Shelter for flood victims.
Shelters have been set up to house those who were made homeless by the flood water. Protocols for social distancing and other sanitation precautions are in place for safety against COVID-19. ~ photo courtesy Adam Ferman

Lend a hand later

Relief efforts are underway now but government, non-profit, church, and community leaders are already preparing for the long-term recovery phase.

Nancy Money explains, “Leaders are working with FEMA to assess damage across the region.
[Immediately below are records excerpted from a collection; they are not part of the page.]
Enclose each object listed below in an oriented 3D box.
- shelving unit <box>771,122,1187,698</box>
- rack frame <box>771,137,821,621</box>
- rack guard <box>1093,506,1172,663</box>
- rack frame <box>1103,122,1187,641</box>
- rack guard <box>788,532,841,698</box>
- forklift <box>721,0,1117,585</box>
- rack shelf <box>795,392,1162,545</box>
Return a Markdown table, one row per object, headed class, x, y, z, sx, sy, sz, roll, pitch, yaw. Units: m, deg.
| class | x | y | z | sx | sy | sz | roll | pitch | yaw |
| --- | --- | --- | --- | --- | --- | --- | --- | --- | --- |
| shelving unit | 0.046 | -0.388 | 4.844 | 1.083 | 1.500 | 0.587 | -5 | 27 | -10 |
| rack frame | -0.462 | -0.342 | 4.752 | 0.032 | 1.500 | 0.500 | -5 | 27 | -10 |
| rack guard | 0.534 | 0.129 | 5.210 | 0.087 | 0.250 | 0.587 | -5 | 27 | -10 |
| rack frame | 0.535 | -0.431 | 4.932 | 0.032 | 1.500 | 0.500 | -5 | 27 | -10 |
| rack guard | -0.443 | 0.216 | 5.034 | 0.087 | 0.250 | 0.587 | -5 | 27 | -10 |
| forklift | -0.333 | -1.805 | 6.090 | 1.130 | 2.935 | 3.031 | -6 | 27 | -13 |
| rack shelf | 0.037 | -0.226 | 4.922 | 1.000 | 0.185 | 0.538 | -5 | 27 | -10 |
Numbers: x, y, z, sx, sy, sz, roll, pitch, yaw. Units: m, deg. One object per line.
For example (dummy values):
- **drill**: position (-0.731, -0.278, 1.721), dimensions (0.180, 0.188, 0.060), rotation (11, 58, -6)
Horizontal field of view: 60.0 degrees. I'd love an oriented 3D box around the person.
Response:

All affected residents are asked to report damage. The data gathered will be used by the federal government in decisions about a presidential major disaster declaration and what FEMA assistance will be made available.”

The Michigan Conference Disaster Response Team will provide a leading role in long term recovery in the coming months. This will include establishing Disaster Case Management. Case Managers work directly with survivors to coordinate home repair and rebuilds. Case Managers worked in Detroit in 2015, Midland in 2017, and Hancock in 2018 after hundreds of homes in those areas suffered water damage. Money asserts, “The scope and scale of the recovery work ahead will much greater than these past floods.”

Here is how Michigan United Methodists can prepare for the long-term recovery work ahead:

  1. Complete the Long-Term Recovery Survey. In the months ahead there will be many opportunities to donate building material, volunteer for repair/rebuild teams, and host volunteer teams. Watch for a survey tool that will coordinate response to these needs. 
  2. Donate to the Michigan Conference Disaster Fund. Checks may be sent to the Michigan Conference at 1161 East Clark Road, Suite 212, DeWitt MI 48820. It is important to include this exact language in the memo: #4407 Michigan Area Disaster Response. Give online here

What guides our hands?

The United Methodist Committee on Relief (UMCOR) and the Michigan Conference Disaster Team are guided by two principles. First, a focus on long-term recovery (being the “last out”). Second, the safety and wellbeing of disaster survivors and volunteers.

The Michigan Conference follows the UMCOR Phases of Disaster framework. The response in the Great Lakes Bay Region is in the Relief Phase. Nancy Money adds, “UMCOR and the Michigan Conference’s Disaster Response Team are not ‘first-response’ organizations with expertise focused on the relief phase. Our area of expertise is long-term recovery.”

She continues, “Michigan Conference Disaster Team leaders are coordinating with local, state, and federal leaders to follow the lead of first-response organizations. This will lay the foundation to lead what is estimated to be at least 18-24 months of long-term recovery case management and re-build in our communities.”

Volunteer helps when the water rises.
As soon as the water began to rise, early responders and other volunteers offered expertise and labor in relief efforts with 10,000 persons affected by the flood in the Great Lakes Bay Region. ~ photo courtesy Adam Ferman

The Michigan Conference operates on UMCOR’s “Early in and last out” approach. “Just like two years ago, in the Keweenaw, our conference team will be among the last organizations on the ground until everyone is recovered or all of the available resources are exhausted,” Money said.

Both UMCOR and the Michigan Conference Disaster Team are members of VOAD (Voluntary Organizations Active in Disaster). To ensure both short-term and long-term safety and wellbeing of volunteers and disaster survivors, the National VOAD Points of Consensus are followed.

“After the first-response organizations move on to lead relief efforts in other parts of the nation, after headlines about the flood leave the news cycle, after the surge of donations and volunteers subsides, and after many of the affected residents recover, the Michigan Conference Disaster Team will still be working with community leaders to ensure the most vulnerable residents can find their new normal,” Nancy Money concludes.

That promise gives hope to many in the Great Lakes Bay Region. Pastor Lisa Cook reflects on what lies ahead in Sanford.  “God has a plan for us to care for one another. We are blessed to do that. We know that God is with us and that God does not leave us. We are together.”

Your hands are needed. Please respond generously.